Fr. Romanides work has had many critics.

For example, Timothy Bratton makes the following points:

  • The Franks were among the earliest converts to the Orthodox faith (well, so were the Burgundians, but they were absorbed by the Frankish kingdom), so they could hardly be accused of persecuting "Roman Catholics" (which is misleading terminology in itself at this period);
  • Clovis himself converted to Orthodoxy, as did his Frankish subjects. Indeed, the ecclesiastical hierarchy in Visigothic Gaul openly worked on behalf of Clovis, since the bishops preferred the Orthodox Franks to the heretical Arian Visigoths. Far from regarding Clovis as an anti-imperial barbarian, the Eastern Emperor Anastasius (reigned 491-519) granted Clovis the highest honors normally granted to distinguished senators in Constantinople -- the coveted ranks of consul and patrician in 508. As J.M. Wallace-Hadrill, no blind admirer of Clovis, put it in his *The Barbarian West* (N.Y.: Harper Torchbooks, 1962), page 74-75, "the Emperor had for some time been in touch with the Franks and was glad to recognize them, at the appropriate moment, as a counter-balance to Gothic power in the West." From this point on, the Eastern Empire and the Frankish Kingdom were usually allies pitted against the Arian barbarian kingdoms in the West. The Papacy too smiled on the Franks as protectors of the true faith, and called upon the later Carolingian dynasty to protect Rome from the Lombards when the Byzantine administration in central Italy collapsed in the early 8th century.

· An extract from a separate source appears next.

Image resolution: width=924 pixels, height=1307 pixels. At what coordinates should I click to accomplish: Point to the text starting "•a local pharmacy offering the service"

Relations began to sour when Pepin "the Short" handed what had been the Exarchate of Ravenna over to the Pope as the nucleus of the Papal States (at that time, the "Patrimony of St. Peter"). But as the Byzantines had lost that area to the Lombards, who in turn lost it to Pepin, it was his by right of conquest, and the Roman claims were admittedly weak. Later, Charlemagne had a brief border war with the Eastern Empire, but this was to force his fellow emperor in Constantinople to recognize Charlemagne's comparable position in the West.
  • There never was any Carolingian "conspiracy" to overrun the Eastern Empire. (This issue has been discussed at length on the Byzans-L listhost)

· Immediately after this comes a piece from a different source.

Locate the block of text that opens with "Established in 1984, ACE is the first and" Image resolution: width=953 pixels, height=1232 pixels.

  • Professor Romanides and his followers appear to confuse the Greek usage of "Franks" -- which later writers applied indiscriminately to _all_ Western Latin Europeans, including Germans! -- with the original tribe that occupied Gaul. Yes, the sack of Constantinople in 1204, an event which almost everyone on this list deplores as one of the most short-sighted tragedies of history, was carried out by "Frankish" (i.e., French) minor nobility, but let's not forget the Venetians Italians!) either. The Great Schism of 1054, which split the Latin and Greek churches apart, was carried out during the pontificate of Leo IX -- a German, not a "Frank." Professor Romanides, either through ignorance of Western history or perhaps because he has an axe to grind, has blamed the poor "Franks" of the Merovingian and Carolingian states for the excesses of later people who might not have recognized nor used that name.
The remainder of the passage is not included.